Which lines in the data below contain the word "Narrow"? Copy each of them.

Records excerpted from a collection
--- START ---

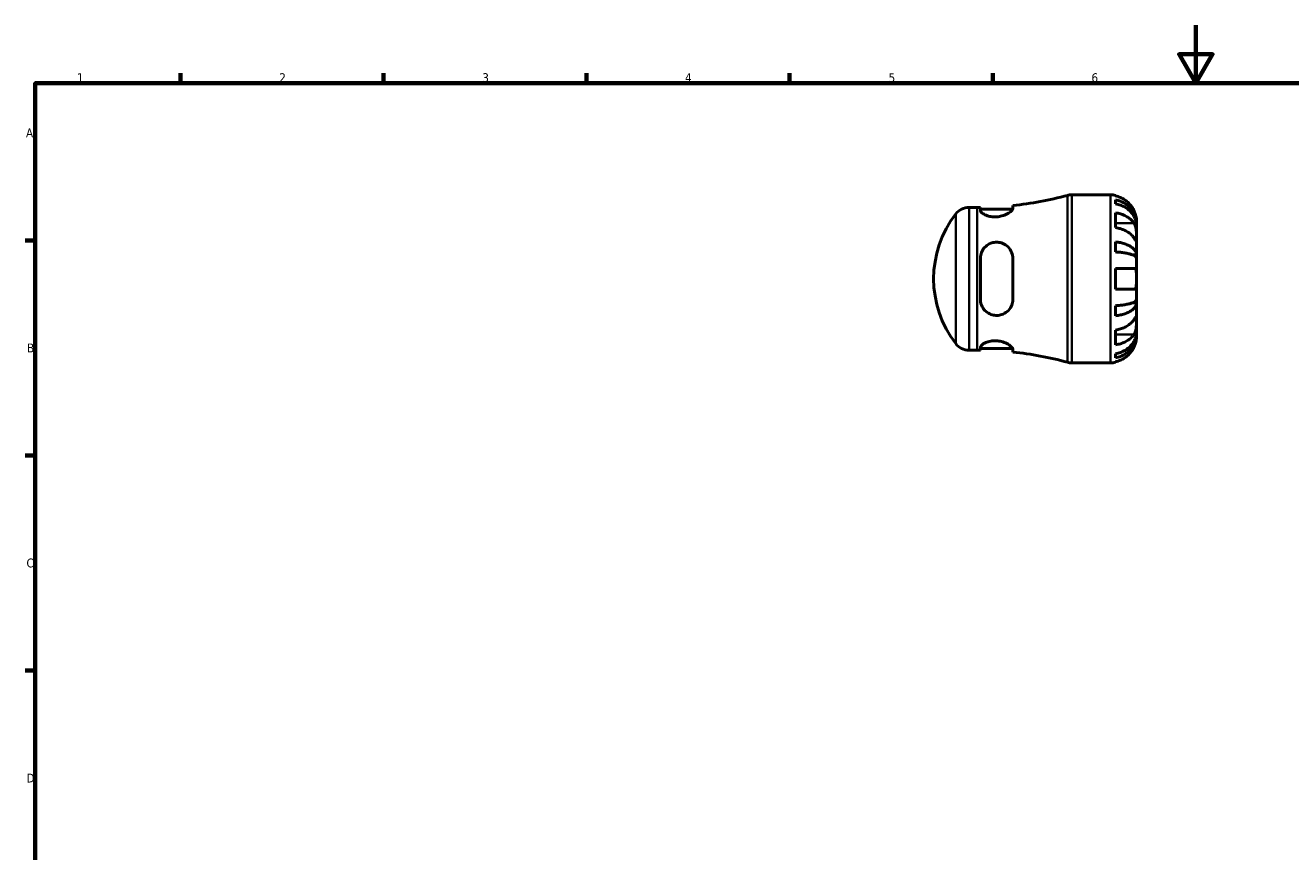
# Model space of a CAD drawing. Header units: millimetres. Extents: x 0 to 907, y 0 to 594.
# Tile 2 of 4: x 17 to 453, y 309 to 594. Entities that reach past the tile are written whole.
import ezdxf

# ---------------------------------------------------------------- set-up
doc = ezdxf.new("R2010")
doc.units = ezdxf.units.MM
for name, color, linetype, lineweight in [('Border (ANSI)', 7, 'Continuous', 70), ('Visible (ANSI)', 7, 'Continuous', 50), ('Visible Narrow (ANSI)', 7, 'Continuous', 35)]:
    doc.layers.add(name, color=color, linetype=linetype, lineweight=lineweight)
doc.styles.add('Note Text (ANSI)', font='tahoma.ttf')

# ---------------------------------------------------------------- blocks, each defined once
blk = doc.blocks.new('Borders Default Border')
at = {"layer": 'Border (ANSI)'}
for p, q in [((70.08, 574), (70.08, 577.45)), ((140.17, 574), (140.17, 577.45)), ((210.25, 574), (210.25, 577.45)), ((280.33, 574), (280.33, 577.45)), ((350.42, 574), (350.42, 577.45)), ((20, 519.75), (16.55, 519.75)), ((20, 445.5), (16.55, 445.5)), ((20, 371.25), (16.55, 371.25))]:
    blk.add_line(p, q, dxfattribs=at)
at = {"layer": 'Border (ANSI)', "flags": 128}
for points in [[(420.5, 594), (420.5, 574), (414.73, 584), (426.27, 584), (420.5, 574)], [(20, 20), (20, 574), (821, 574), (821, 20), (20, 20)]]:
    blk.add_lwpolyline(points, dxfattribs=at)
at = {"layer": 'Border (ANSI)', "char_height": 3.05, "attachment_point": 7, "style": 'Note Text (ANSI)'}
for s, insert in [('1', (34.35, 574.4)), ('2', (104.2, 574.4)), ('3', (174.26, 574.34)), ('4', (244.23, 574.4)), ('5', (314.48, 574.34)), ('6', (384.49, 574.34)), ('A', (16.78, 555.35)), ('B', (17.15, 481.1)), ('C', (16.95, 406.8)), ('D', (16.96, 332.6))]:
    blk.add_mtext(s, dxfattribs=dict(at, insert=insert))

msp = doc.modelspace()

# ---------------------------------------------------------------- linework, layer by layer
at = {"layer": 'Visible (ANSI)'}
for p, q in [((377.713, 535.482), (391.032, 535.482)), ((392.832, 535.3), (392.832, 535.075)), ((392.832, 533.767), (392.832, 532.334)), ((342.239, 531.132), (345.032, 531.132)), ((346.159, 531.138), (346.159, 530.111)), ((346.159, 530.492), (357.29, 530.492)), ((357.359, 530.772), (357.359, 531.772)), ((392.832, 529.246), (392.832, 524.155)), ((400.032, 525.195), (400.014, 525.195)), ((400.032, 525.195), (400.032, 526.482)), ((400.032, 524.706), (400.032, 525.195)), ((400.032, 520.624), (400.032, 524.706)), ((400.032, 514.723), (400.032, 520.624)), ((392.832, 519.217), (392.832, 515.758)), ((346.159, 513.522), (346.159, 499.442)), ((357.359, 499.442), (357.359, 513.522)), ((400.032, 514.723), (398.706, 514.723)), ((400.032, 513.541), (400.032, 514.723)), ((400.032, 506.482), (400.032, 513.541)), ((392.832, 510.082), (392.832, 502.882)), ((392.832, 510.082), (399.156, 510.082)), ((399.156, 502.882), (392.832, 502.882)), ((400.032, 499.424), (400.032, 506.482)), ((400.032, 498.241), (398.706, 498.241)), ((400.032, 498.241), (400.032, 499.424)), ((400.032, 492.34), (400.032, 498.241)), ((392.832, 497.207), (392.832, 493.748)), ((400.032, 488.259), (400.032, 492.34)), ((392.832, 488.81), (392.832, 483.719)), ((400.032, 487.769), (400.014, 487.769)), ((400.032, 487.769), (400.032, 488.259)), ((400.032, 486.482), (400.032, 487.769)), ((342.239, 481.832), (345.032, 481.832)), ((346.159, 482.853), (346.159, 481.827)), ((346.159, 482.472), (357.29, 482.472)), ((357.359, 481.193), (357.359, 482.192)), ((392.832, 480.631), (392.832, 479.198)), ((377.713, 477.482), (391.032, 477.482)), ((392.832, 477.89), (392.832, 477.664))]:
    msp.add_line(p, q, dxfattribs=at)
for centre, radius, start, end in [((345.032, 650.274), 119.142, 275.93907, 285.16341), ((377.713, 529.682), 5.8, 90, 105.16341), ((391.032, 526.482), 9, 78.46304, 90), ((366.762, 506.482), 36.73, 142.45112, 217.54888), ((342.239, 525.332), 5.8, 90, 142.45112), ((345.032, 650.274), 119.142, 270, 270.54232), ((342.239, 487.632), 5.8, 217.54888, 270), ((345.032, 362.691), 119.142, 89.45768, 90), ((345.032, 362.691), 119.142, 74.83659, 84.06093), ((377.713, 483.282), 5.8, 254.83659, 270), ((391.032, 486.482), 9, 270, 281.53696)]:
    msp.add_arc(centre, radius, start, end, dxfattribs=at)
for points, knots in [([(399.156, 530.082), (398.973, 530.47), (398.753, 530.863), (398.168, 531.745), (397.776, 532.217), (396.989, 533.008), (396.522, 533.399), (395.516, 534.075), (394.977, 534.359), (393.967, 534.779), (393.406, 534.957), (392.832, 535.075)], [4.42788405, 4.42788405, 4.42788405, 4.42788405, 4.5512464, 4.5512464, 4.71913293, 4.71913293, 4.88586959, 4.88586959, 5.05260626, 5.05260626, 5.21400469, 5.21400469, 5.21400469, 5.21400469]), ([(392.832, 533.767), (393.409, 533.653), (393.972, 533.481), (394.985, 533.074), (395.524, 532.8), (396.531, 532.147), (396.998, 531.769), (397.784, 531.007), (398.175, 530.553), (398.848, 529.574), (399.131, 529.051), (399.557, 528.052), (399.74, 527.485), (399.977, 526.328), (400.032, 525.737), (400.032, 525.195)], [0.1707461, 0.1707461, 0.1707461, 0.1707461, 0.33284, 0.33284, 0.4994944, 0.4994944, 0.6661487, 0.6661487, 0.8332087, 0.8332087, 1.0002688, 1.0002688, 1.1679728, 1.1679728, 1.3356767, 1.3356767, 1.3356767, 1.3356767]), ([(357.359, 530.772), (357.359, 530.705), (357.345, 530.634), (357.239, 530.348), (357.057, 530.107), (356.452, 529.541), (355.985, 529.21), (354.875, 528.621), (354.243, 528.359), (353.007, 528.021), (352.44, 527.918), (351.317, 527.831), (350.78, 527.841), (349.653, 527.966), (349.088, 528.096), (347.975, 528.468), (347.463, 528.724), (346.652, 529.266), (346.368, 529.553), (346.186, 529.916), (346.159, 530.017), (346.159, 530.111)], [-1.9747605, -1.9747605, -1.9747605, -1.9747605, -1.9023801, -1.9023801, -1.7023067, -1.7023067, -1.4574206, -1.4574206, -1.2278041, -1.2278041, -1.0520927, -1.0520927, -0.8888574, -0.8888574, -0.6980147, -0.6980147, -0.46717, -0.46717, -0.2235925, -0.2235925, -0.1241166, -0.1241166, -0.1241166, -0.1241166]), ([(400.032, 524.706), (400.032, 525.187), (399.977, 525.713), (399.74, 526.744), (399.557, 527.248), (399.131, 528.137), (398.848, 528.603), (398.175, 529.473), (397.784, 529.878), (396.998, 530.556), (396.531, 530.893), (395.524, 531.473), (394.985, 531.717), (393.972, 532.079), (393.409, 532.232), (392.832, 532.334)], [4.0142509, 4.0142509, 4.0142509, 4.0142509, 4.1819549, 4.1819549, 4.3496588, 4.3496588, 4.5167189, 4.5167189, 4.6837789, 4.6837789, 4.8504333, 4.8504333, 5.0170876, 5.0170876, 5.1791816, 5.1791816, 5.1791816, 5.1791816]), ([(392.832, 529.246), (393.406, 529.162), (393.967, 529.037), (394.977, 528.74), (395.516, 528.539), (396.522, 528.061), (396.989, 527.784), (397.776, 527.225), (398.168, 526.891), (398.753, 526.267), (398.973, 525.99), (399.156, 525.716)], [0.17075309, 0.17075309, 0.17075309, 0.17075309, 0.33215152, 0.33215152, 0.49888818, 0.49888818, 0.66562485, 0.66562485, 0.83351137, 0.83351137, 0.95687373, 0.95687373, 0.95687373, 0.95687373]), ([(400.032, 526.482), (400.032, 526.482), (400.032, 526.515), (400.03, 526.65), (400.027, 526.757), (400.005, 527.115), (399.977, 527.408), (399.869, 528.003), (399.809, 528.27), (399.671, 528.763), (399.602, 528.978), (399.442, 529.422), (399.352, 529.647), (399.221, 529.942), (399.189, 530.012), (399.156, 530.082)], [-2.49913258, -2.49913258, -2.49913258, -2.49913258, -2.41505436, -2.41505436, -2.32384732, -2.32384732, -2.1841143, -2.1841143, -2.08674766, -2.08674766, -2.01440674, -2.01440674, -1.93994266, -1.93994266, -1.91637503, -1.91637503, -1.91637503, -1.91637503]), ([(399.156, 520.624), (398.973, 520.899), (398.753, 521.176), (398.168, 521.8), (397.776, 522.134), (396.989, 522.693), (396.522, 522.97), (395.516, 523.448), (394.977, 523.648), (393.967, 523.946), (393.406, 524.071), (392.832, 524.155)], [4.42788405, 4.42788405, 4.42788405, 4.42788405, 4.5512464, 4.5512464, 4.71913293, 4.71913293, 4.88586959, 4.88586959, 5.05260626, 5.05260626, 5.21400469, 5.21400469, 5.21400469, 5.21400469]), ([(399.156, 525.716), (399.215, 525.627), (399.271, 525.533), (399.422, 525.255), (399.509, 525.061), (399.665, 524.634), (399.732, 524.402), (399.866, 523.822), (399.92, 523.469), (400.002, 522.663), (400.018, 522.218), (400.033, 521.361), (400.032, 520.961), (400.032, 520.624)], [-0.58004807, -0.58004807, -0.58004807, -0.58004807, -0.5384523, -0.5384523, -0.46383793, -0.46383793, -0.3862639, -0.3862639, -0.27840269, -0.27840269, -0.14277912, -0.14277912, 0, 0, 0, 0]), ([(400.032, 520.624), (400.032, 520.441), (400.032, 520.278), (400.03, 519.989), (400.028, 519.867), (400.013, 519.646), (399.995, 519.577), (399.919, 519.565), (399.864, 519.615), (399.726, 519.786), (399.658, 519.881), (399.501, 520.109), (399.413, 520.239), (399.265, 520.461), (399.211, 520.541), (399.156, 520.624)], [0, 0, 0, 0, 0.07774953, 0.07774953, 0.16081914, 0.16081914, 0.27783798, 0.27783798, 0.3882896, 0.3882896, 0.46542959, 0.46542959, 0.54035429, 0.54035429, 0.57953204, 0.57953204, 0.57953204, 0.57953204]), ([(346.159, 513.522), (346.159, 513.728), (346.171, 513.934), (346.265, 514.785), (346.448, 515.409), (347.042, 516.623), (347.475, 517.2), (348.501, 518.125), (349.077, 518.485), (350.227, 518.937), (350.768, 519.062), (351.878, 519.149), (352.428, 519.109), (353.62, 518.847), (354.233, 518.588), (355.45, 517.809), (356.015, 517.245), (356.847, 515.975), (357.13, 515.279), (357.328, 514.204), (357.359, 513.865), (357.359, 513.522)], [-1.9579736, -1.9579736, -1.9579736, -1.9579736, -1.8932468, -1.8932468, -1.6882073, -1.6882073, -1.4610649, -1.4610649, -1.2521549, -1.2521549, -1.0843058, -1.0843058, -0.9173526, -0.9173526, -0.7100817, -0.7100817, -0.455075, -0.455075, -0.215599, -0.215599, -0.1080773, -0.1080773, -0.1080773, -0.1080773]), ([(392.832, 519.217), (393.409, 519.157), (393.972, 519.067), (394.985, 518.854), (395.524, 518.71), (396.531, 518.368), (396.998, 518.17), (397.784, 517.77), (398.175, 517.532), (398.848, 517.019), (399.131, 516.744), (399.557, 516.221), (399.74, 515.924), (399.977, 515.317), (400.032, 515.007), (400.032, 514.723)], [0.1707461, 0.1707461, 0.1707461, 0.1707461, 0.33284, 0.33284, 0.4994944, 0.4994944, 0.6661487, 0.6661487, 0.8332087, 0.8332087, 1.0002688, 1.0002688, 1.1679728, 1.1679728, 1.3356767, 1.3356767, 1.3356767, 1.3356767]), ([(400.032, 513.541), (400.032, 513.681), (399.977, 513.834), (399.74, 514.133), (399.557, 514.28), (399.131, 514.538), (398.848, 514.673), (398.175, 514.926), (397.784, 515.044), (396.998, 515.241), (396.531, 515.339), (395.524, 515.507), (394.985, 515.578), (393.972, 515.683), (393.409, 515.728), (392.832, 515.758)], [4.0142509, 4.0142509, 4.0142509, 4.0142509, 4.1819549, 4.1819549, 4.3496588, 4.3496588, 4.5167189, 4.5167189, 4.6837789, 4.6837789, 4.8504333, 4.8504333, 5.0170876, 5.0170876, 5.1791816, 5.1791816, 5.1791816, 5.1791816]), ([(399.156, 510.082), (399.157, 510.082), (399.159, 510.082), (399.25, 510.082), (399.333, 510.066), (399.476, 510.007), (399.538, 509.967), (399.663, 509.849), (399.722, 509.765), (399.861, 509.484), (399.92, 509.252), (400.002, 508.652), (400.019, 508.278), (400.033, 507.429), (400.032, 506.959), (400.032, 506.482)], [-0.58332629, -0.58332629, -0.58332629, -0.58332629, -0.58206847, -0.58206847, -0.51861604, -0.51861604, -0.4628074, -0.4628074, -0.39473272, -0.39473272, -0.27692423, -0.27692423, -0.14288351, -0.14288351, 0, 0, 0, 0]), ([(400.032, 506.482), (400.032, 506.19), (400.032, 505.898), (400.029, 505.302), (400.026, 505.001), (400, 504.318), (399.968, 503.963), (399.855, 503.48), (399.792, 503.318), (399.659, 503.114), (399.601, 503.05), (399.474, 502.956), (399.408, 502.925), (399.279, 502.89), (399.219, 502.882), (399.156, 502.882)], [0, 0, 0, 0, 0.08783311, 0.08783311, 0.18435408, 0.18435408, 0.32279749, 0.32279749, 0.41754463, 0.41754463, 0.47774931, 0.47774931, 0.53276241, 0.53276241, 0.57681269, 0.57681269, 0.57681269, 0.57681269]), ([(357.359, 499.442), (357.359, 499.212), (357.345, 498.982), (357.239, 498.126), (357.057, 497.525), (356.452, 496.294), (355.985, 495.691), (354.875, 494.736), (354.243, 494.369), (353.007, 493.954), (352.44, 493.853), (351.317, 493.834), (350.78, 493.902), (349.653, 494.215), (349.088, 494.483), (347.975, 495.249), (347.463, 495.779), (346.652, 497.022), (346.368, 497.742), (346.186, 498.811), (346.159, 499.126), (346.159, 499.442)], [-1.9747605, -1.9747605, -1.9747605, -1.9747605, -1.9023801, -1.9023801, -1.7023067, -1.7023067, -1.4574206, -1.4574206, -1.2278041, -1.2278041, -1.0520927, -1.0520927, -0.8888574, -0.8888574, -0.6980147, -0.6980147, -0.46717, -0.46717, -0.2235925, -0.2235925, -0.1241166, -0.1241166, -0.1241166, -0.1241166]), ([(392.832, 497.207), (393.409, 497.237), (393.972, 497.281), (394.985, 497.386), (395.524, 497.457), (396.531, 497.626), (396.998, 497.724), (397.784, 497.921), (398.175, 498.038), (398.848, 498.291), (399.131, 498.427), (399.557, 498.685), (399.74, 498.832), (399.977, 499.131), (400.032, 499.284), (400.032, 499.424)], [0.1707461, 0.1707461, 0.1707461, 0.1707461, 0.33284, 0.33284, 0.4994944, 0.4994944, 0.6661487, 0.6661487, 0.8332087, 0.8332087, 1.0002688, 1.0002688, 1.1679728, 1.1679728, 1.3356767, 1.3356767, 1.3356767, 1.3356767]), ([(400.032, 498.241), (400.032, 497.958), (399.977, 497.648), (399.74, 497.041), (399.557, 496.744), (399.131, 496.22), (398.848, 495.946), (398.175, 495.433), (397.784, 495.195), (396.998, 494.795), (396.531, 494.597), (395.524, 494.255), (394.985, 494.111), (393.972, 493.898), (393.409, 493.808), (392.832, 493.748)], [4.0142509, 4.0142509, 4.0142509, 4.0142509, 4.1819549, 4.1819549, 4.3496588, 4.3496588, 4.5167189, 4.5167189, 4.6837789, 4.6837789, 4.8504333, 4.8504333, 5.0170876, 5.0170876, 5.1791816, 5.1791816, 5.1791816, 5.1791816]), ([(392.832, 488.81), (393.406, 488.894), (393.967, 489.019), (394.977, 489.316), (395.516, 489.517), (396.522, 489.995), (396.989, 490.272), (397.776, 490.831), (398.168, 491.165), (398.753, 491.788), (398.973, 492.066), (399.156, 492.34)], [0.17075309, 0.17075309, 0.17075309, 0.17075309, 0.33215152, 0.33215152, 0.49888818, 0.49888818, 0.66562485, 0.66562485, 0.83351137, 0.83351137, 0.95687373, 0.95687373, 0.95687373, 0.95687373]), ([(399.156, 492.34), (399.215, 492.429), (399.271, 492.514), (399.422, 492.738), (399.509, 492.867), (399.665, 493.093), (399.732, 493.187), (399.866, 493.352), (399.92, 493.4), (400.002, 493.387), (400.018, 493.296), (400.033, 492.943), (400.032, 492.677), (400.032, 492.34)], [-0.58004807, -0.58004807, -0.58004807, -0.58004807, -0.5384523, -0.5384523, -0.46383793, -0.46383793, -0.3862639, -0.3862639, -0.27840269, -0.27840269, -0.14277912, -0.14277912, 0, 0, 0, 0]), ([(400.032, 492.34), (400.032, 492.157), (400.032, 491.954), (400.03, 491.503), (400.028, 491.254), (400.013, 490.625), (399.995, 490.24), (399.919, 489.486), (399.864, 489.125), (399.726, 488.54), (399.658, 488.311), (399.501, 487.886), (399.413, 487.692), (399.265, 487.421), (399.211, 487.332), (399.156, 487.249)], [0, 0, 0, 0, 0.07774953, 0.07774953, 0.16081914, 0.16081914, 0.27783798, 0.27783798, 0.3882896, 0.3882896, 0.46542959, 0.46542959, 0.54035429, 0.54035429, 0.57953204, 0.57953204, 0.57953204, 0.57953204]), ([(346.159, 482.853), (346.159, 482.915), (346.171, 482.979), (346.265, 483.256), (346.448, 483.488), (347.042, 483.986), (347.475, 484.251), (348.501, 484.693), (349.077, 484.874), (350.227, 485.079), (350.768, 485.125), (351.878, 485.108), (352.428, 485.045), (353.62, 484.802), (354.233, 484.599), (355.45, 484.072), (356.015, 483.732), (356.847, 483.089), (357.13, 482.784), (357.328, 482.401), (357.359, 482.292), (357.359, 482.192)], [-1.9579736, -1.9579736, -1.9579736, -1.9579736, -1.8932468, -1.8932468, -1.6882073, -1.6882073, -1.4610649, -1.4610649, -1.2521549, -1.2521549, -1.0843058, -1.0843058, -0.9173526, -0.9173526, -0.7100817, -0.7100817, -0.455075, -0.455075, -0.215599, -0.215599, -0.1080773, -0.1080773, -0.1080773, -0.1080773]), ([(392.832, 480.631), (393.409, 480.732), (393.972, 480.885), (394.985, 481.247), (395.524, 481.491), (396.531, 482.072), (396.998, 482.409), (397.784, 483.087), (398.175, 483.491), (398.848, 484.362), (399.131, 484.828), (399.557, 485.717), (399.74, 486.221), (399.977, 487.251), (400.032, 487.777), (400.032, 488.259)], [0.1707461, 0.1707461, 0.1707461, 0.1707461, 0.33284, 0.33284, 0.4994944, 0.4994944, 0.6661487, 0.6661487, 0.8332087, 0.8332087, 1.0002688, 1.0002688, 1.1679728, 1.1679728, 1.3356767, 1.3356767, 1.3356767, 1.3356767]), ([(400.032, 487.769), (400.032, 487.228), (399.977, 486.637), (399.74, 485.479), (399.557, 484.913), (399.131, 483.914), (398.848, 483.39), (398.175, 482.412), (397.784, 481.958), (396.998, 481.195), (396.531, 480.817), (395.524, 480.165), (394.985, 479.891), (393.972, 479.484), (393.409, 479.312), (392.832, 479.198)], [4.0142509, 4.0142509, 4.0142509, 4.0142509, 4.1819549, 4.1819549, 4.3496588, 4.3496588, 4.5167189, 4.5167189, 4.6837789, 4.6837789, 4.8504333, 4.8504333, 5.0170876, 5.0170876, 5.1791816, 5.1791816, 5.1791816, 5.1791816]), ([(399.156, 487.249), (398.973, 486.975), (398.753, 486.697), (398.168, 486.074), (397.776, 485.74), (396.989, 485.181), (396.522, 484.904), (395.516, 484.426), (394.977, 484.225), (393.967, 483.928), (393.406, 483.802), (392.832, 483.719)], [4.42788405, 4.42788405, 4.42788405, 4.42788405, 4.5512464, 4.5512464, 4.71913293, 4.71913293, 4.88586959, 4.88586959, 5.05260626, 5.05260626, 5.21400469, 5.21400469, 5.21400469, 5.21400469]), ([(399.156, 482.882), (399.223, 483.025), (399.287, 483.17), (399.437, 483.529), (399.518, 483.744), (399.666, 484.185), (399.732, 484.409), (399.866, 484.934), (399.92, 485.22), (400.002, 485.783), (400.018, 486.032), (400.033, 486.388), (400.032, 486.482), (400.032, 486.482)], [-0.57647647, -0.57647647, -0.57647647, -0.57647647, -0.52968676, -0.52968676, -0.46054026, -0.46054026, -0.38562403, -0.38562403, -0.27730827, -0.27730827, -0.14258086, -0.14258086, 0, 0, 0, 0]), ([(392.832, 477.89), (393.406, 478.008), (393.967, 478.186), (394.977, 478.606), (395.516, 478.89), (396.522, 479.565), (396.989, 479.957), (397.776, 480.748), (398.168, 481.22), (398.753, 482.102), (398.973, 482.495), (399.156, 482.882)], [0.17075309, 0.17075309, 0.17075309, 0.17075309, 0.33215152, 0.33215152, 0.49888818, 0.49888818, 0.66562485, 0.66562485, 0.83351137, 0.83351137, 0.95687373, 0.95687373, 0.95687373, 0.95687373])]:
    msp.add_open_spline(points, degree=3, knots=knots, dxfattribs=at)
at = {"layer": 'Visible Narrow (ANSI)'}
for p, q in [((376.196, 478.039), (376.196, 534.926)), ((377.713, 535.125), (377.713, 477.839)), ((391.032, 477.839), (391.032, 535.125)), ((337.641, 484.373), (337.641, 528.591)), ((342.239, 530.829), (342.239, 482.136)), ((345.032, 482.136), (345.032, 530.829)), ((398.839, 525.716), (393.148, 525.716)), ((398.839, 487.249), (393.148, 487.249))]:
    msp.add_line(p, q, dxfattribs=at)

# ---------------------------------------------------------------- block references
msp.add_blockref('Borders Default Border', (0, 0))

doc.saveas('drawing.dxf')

--- END ---

# Result of the task:
for name, color, linetype, lineweight in [('Border (ANSI)', 7, 'Continuous', 70), ('Visible (ANSI)', 7, 'Continuous', 50), ('Visible Narrow (ANSI)', 7, 'Continuous', 35)]:
at = {"layer": 'Visible Narrow (ANSI)'}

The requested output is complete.